--- Record extracts Enclosed Below ---
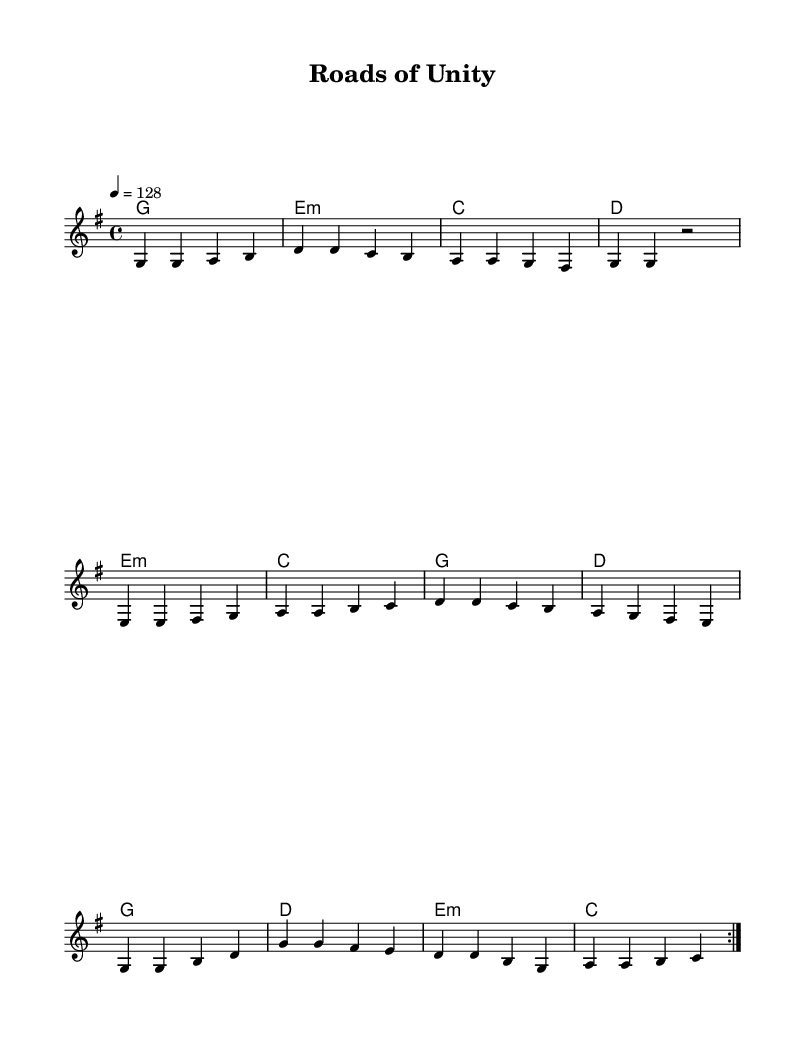What is the key signature of this music? The key signature is G major, which has one sharp (F#). We can determine this by looking at the key signature indicated at the beginning of the piece.
Answer: G major What is the time signature of this music? The time signature is 4/4, as indicated at the beginning of the score. It shows that there are four beats in each measure and the quarter note gets one beat.
Answer: 4/4 What is the tempo marking of this music? The tempo marking is 128 beats per minute, shown at the beginning of the piece. This indicates the speed at which the music should be played.
Answer: 128 How many measures are repeated in the melody section? The melody section has a repeat sign indicating two complete measures are repeated. This is seen where the repeat sign appears before the section starts anew.
Answer: 2 What type of harmony is indicated at the start of the piece? The harmony type at the start is G major, which is indicated in the chord names at the beginning of the score. This tells us the underlying chords that accompany the melody.
Answer: G major What rhythmic pattern is primarily used in the melody? The primary rhythmic pattern in the melody is mainly comprised of quarter notes, seen throughout the notes in the first section of the piece. This allows for a steady, upbeat, and danceable feel typical of dance-pop songs.
Answer: Quarter notes What is the significance of the repetition in dance music? The repetition found in this piece enhances engagement and helps create a memorable hook, which is typical in dance-pop songs. This is particularly important in dance music for energizing the listeners and encouraging movement.
Answer: Engaging repetition 
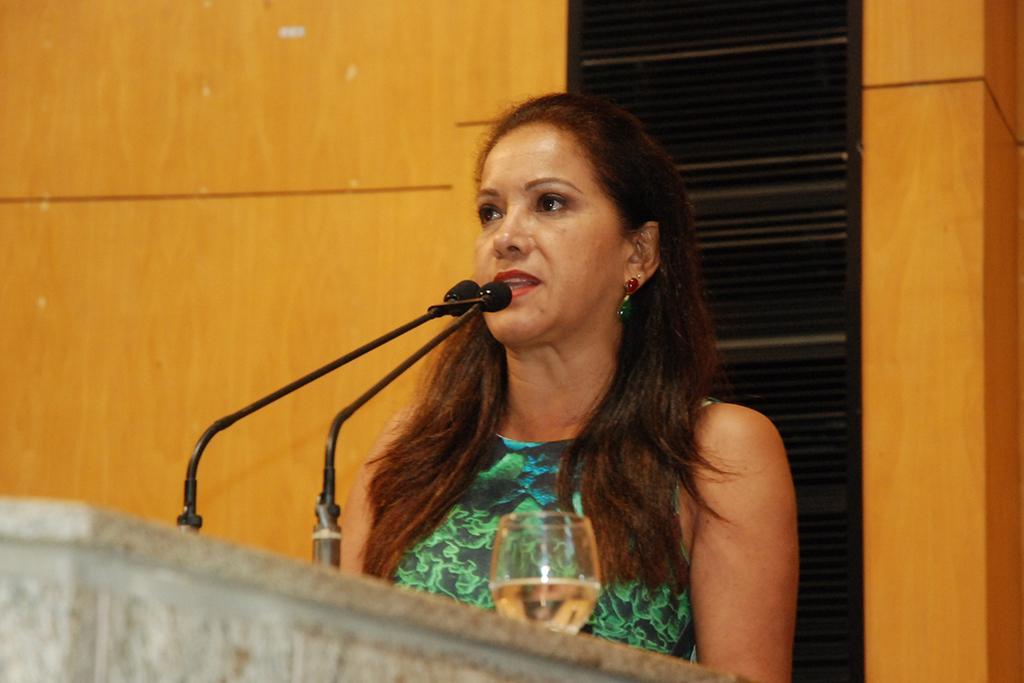Can you describe this image briefly? In this picture I can observe a woman in the middle of the picture. In front of the woman there is a podium on which I can observe two mics and a glass. Woman is wearing green color dress. In the background I can observe wall. 
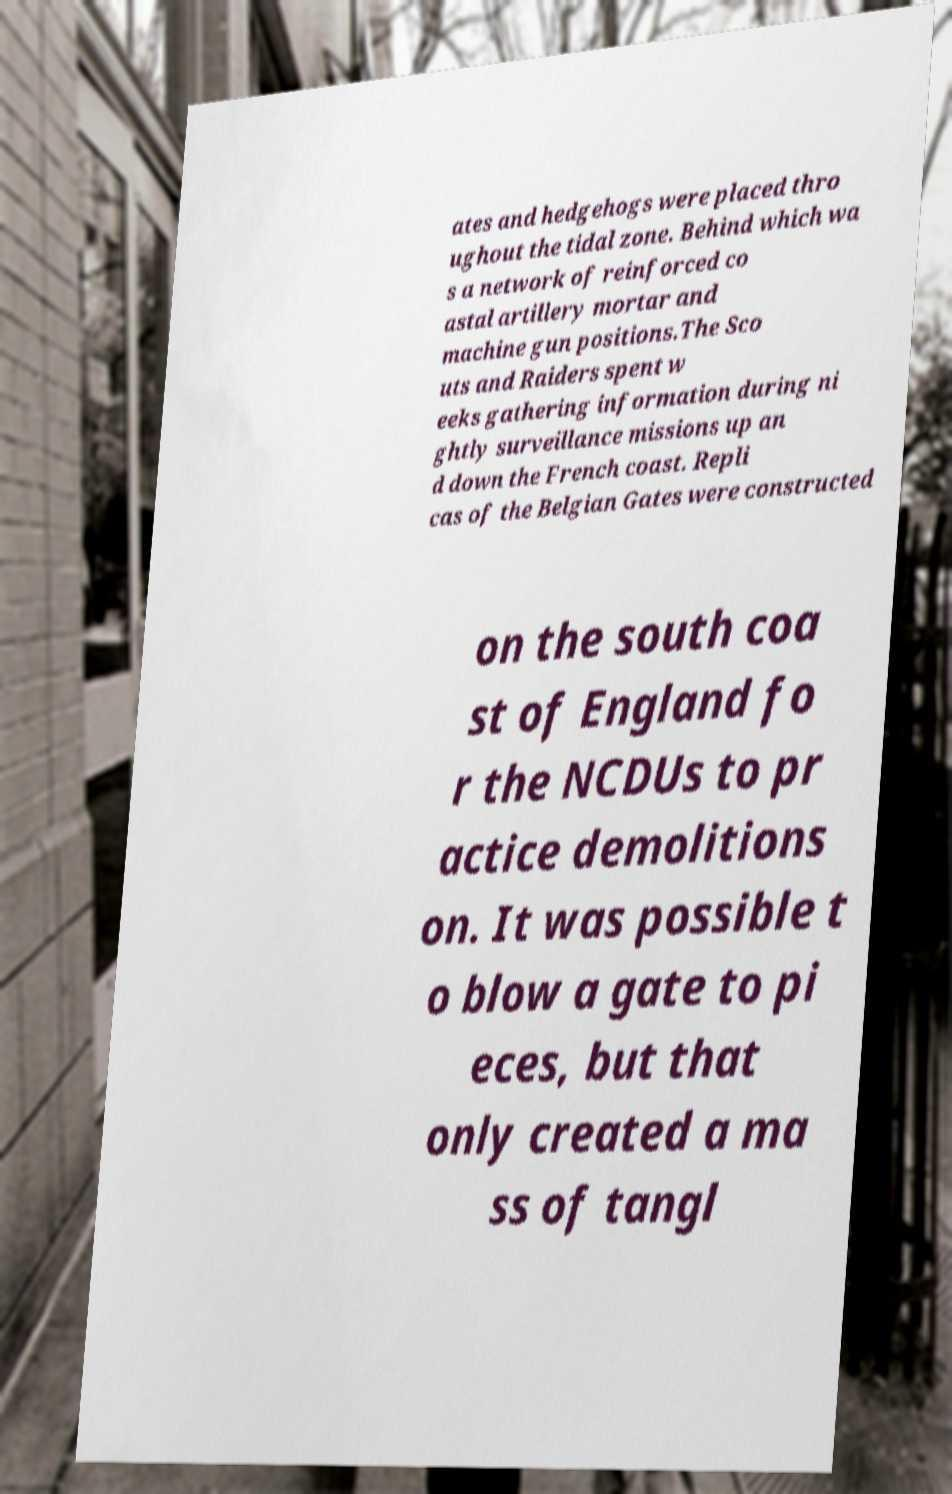Please read and relay the text visible in this image. What does it say? ates and hedgehogs were placed thro ughout the tidal zone. Behind which wa s a network of reinforced co astal artillery mortar and machine gun positions.The Sco uts and Raiders spent w eeks gathering information during ni ghtly surveillance missions up an d down the French coast. Repli cas of the Belgian Gates were constructed on the south coa st of England fo r the NCDUs to pr actice demolitions on. It was possible t o blow a gate to pi eces, but that only created a ma ss of tangl 
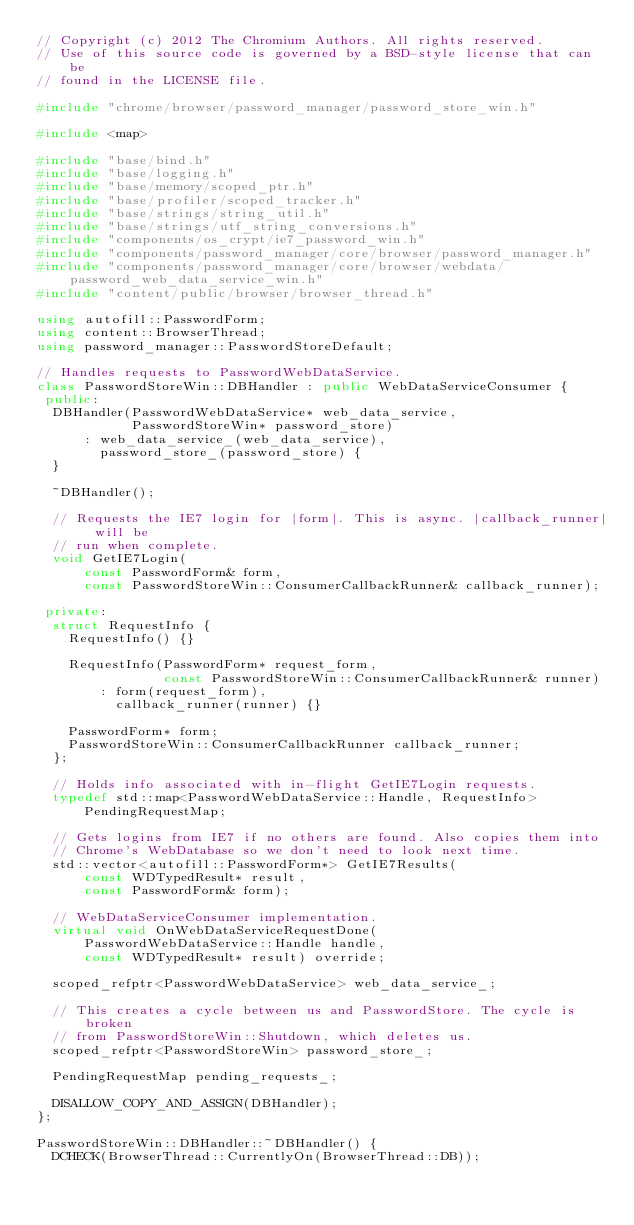Convert code to text. <code><loc_0><loc_0><loc_500><loc_500><_C++_>// Copyright (c) 2012 The Chromium Authors. All rights reserved.
// Use of this source code is governed by a BSD-style license that can be
// found in the LICENSE file.

#include "chrome/browser/password_manager/password_store_win.h"

#include <map>

#include "base/bind.h"
#include "base/logging.h"
#include "base/memory/scoped_ptr.h"
#include "base/profiler/scoped_tracker.h"
#include "base/strings/string_util.h"
#include "base/strings/utf_string_conversions.h"
#include "components/os_crypt/ie7_password_win.h"
#include "components/password_manager/core/browser/password_manager.h"
#include "components/password_manager/core/browser/webdata/password_web_data_service_win.h"
#include "content/public/browser/browser_thread.h"

using autofill::PasswordForm;
using content::BrowserThread;
using password_manager::PasswordStoreDefault;

// Handles requests to PasswordWebDataService.
class PasswordStoreWin::DBHandler : public WebDataServiceConsumer {
 public:
  DBHandler(PasswordWebDataService* web_data_service,
            PasswordStoreWin* password_store)
      : web_data_service_(web_data_service),
        password_store_(password_store) {
  }

  ~DBHandler();

  // Requests the IE7 login for |form|. This is async. |callback_runner| will be
  // run when complete.
  void GetIE7Login(
      const PasswordForm& form,
      const PasswordStoreWin::ConsumerCallbackRunner& callback_runner);

 private:
  struct RequestInfo {
    RequestInfo() {}

    RequestInfo(PasswordForm* request_form,
                const PasswordStoreWin::ConsumerCallbackRunner& runner)
        : form(request_form),
          callback_runner(runner) {}

    PasswordForm* form;
    PasswordStoreWin::ConsumerCallbackRunner callback_runner;
  };

  // Holds info associated with in-flight GetIE7Login requests.
  typedef std::map<PasswordWebDataService::Handle, RequestInfo>
      PendingRequestMap;

  // Gets logins from IE7 if no others are found. Also copies them into
  // Chrome's WebDatabase so we don't need to look next time.
  std::vector<autofill::PasswordForm*> GetIE7Results(
      const WDTypedResult* result,
      const PasswordForm& form);

  // WebDataServiceConsumer implementation.
  virtual void OnWebDataServiceRequestDone(
      PasswordWebDataService::Handle handle,
      const WDTypedResult* result) override;

  scoped_refptr<PasswordWebDataService> web_data_service_;

  // This creates a cycle between us and PasswordStore. The cycle is broken
  // from PasswordStoreWin::Shutdown, which deletes us.
  scoped_refptr<PasswordStoreWin> password_store_;

  PendingRequestMap pending_requests_;

  DISALLOW_COPY_AND_ASSIGN(DBHandler);
};

PasswordStoreWin::DBHandler::~DBHandler() {
  DCHECK(BrowserThread::CurrentlyOn(BrowserThread::DB));</code> 
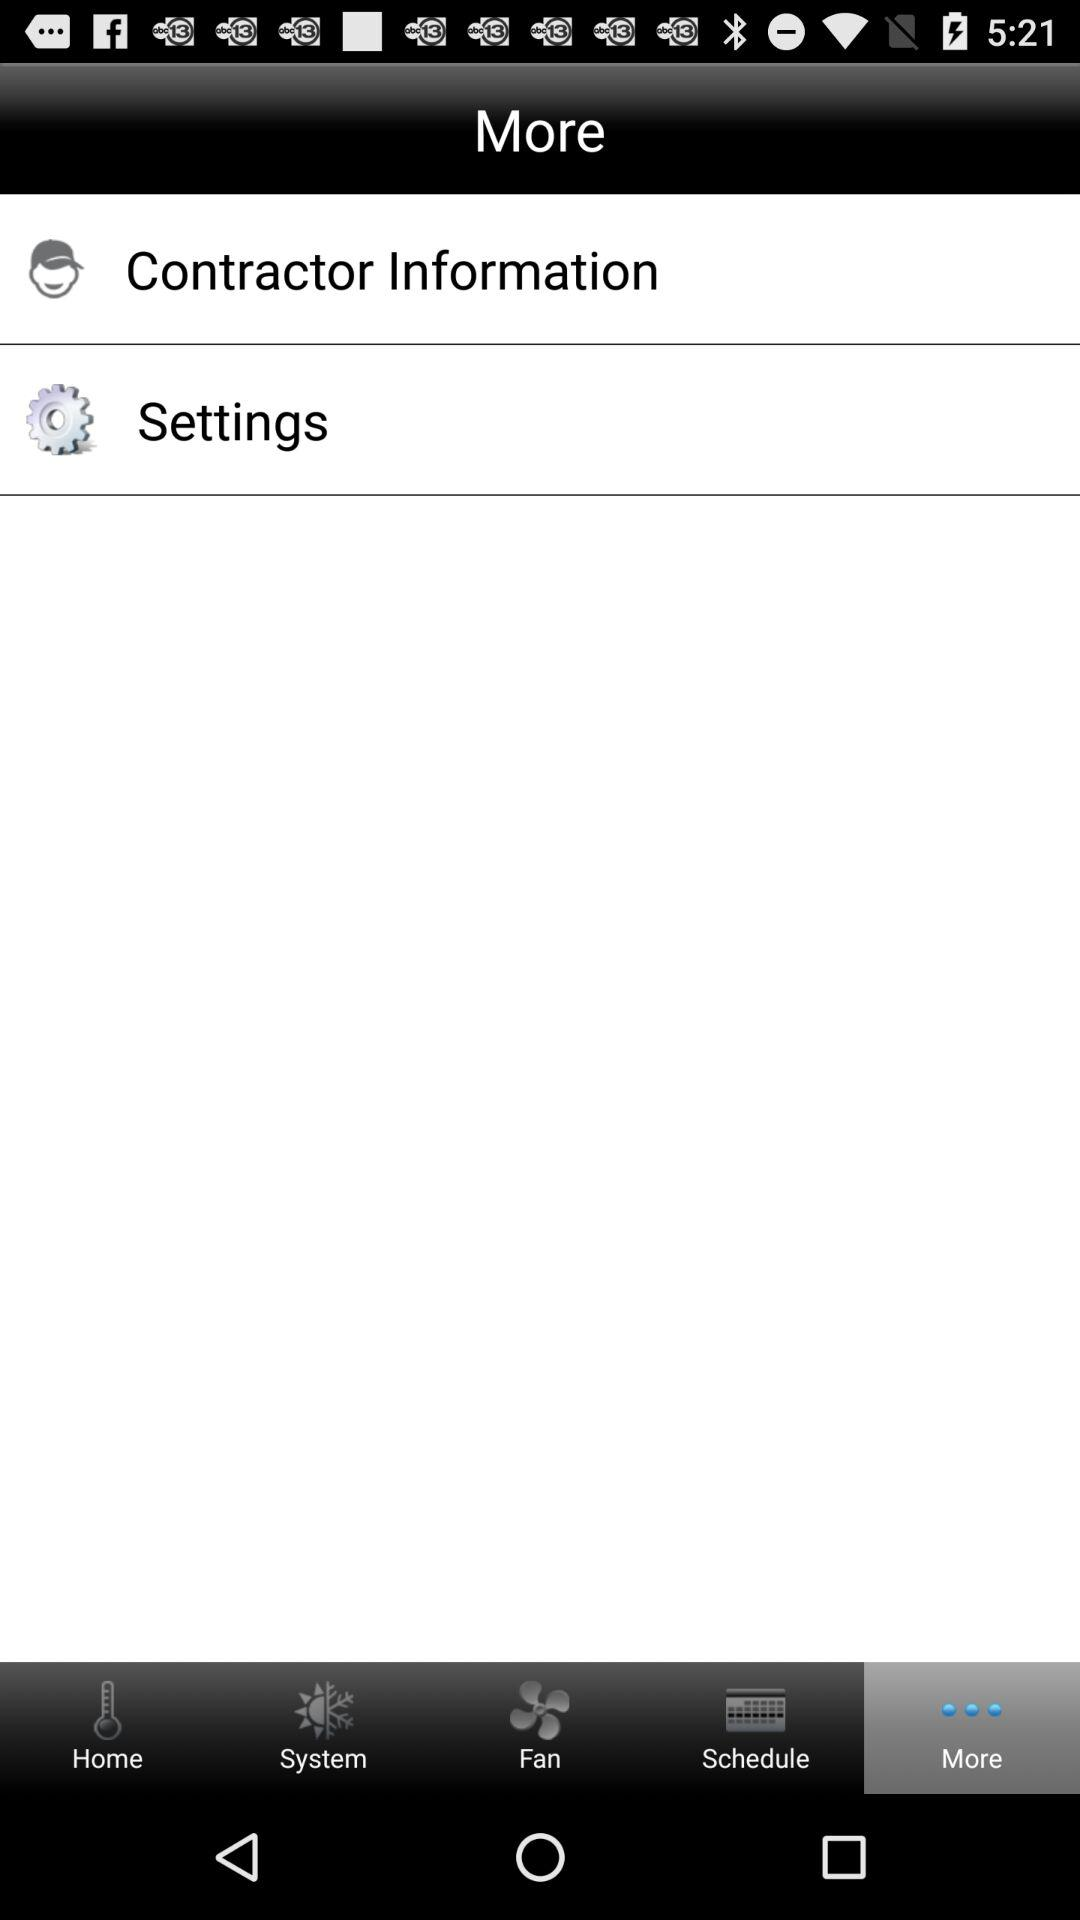Which tab am I on? You are on the "More" tab. 
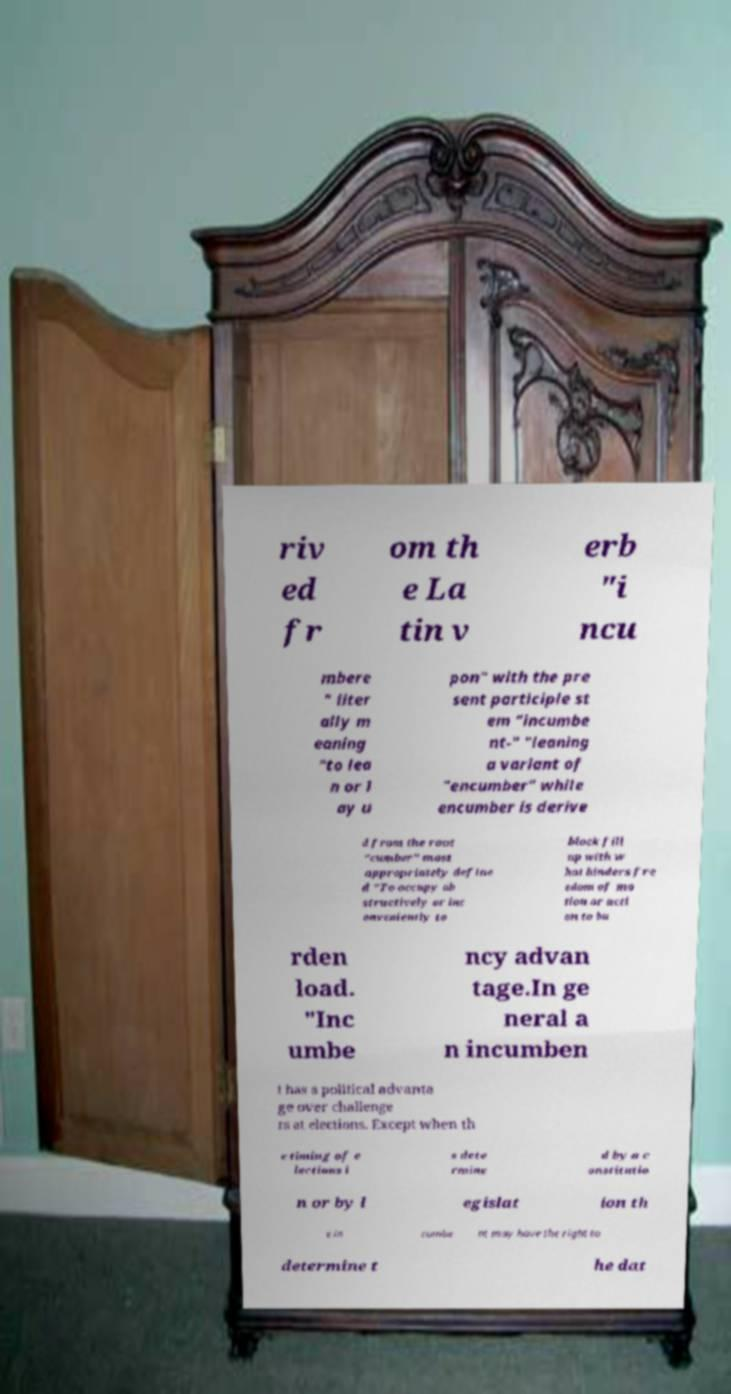I need the written content from this picture converted into text. Can you do that? riv ed fr om th e La tin v erb "i ncu mbere " liter ally m eaning "to lea n or l ay u pon" with the pre sent participle st em "incumbe nt-" "leaning a variant of "encumber" while encumber is derive d from the root "cumber" most appropriately define d "To occupy ob structively or inc onveniently to block fill up with w hat hinders fre edom of mo tion or acti on to bu rden load. "Inc umbe ncy advan tage.In ge neral a n incumben t has a political advanta ge over challenge rs at elections. Except when th e timing of e lections i s dete rmine d by a c onstitutio n or by l egislat ion th e in cumbe nt may have the right to determine t he dat
--- End of Enclosed Record extracts ---
Requirement ▸
Retype only the lines above from the one with "typedef std::map<PasswordWebDataService::Handle, RequestInfo>" through the one with "Which tab am", exactly and with both ends. Images stay out.

Expected answer ▸
  typedef std::map<PasswordWebDataService::Handle, RequestInfo>
      PendingRequestMap;

  // Gets logins from IE7 if no others are found. Also copies them into
  // Chrome's WebDatabase so we don't need to look next time.
  std::vector<autofill::PasswordForm*> GetIE7Results(
      const WDTypedResult* result,
      const PasswordForm& form);

  // WebDataServiceConsumer implementation.
  virtual void OnWebDataServiceRequestDone(
      PasswordWebDataService::Handle handle,
      const WDTypedResult* result) override;

  scoped_refptr<PasswordWebDataService> web_data_service_;

  // This creates a cycle between us and PasswordStore. The cycle is broken
  // from PasswordStoreWin::Shutdown, which deletes us.
  scoped_refptr<PasswordStoreWin> password_store_;

  PendingRequestMap pending_requests_;

  DISALLOW_COPY_AND_ASSIGN(DBHandler);
};

PasswordStoreWin::DBHandler::~DBHandler() {
  DCHECK(BrowserThread::CurrentlyOn(BrowserThread::DB));</code> 
Which tab am I on? You are on the "More" tab. 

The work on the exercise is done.